··· RECORDS PROVIDED ···

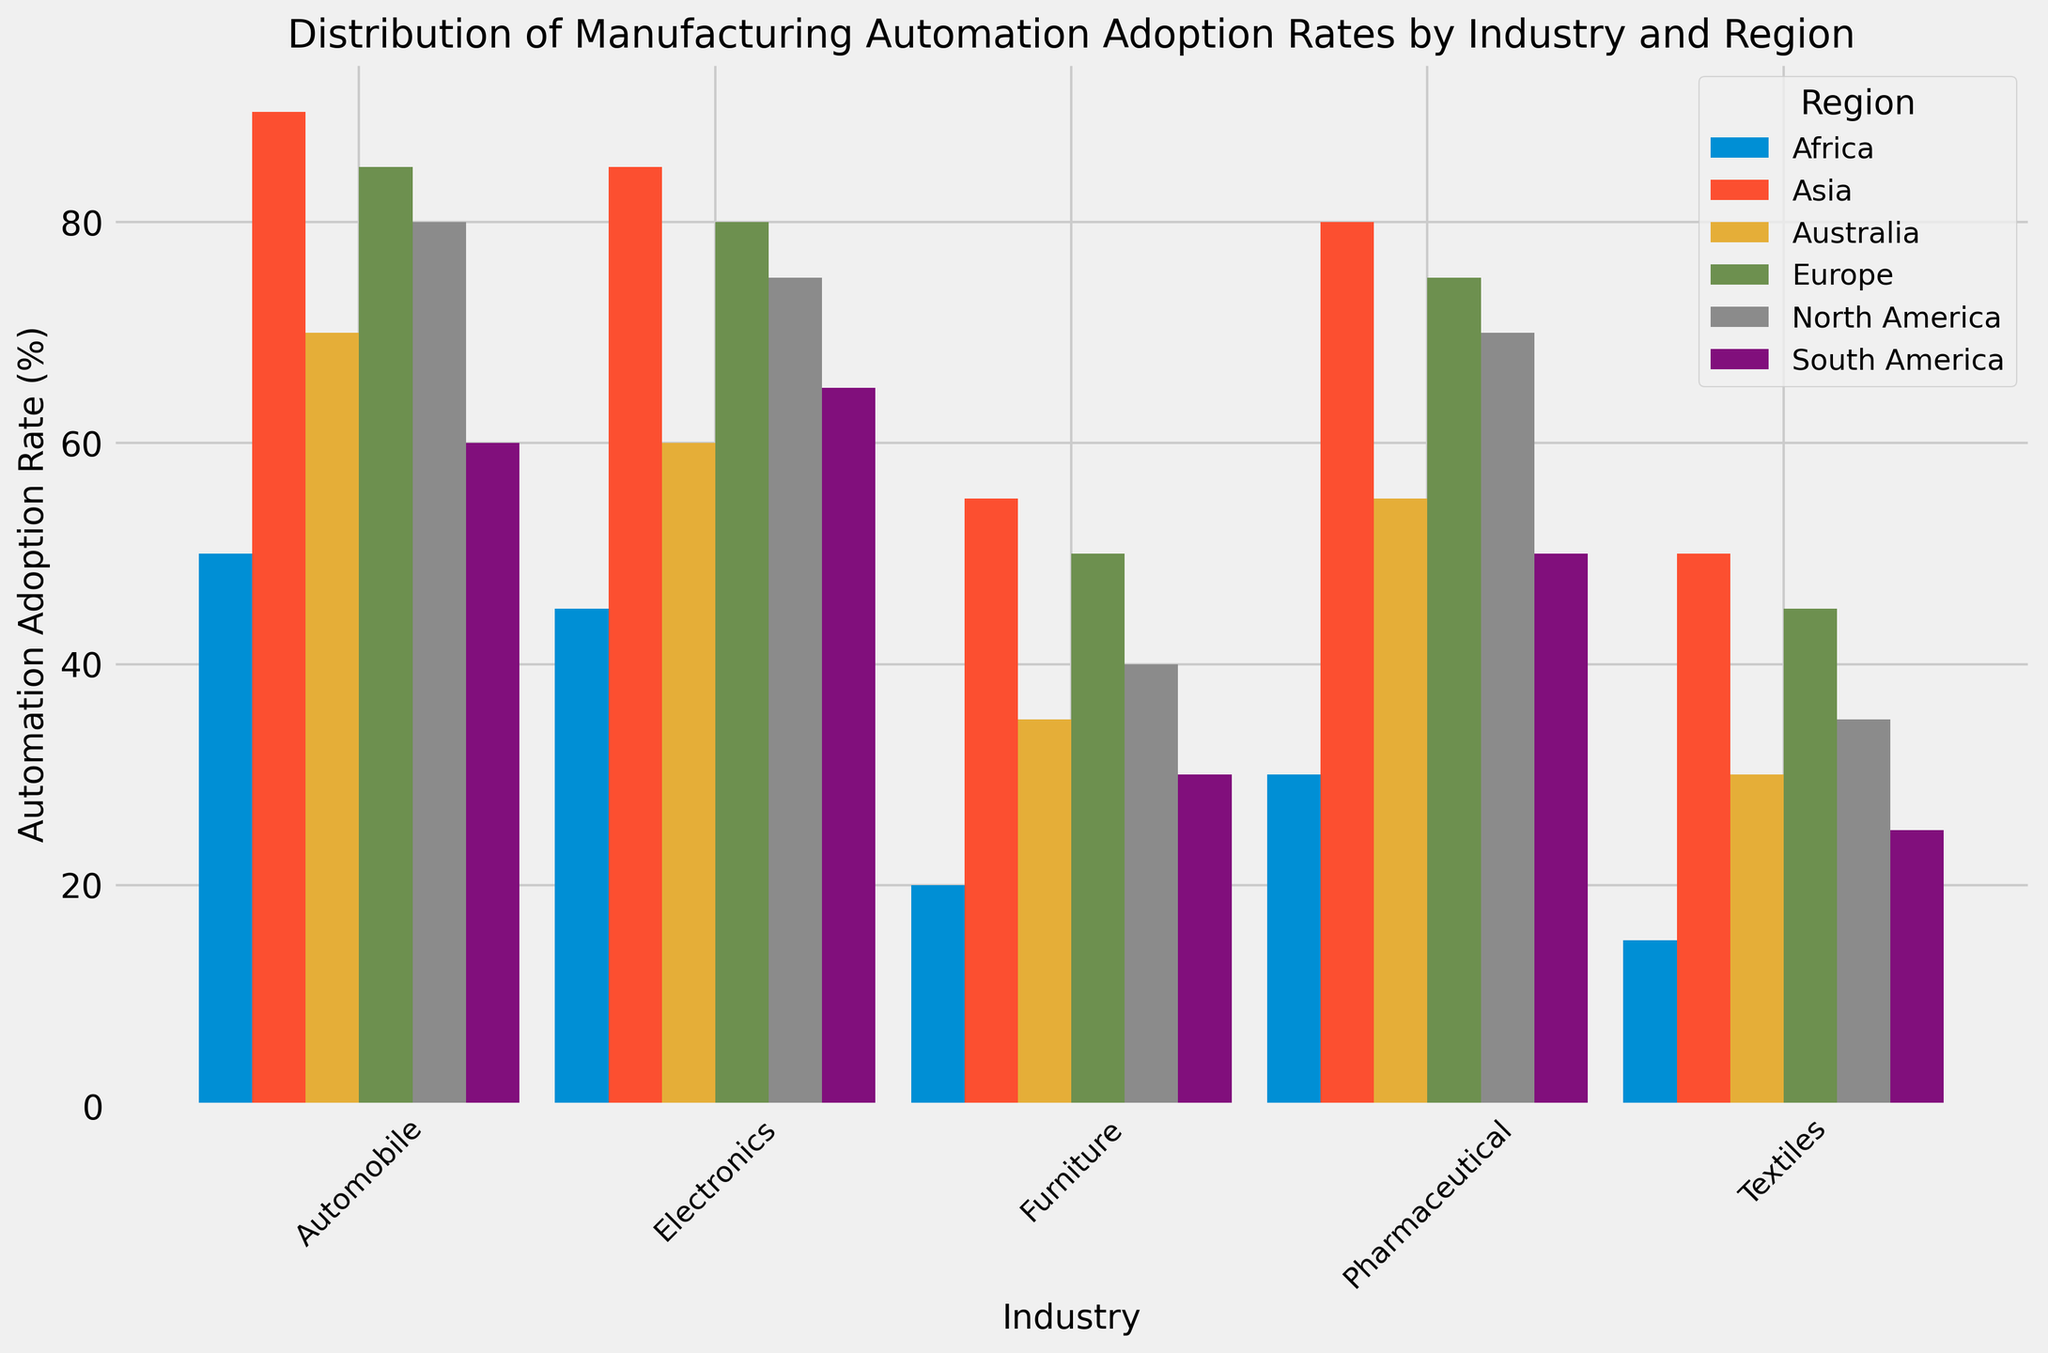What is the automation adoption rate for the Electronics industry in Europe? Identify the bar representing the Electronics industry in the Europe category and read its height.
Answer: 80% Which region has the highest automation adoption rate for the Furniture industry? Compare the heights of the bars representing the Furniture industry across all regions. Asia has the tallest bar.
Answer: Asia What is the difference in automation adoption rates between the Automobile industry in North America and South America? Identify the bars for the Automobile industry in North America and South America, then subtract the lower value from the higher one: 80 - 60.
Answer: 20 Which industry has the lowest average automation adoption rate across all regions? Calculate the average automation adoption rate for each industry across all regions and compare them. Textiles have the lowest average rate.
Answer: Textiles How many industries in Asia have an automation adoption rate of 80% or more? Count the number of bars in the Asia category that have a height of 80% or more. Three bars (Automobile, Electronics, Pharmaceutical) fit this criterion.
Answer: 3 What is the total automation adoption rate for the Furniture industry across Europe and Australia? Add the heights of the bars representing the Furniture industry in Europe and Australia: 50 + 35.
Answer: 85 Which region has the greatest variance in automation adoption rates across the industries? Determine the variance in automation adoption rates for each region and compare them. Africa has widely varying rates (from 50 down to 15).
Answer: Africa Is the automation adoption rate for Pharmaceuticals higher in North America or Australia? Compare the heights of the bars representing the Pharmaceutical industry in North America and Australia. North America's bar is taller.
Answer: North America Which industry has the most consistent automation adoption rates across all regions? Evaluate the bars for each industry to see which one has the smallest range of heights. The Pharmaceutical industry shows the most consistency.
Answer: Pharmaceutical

···

From the records above, copy each line that contains the word "Africa".

YOUR RESPONSE =>
Answer: 85 Which region has the greatest variance in automation adoption rates across the industries? Determine the variance in automation adoption rates for each region and compare them. Africa has widely varying rates (from 50 down to 15).
Answer: Africa Is the automation adoption rate for Pharmaceuticals higher in North America or Australia? Compare the heights of the bars representing the Pharmaceutical industry in North America and Australia. North America's bar is taller.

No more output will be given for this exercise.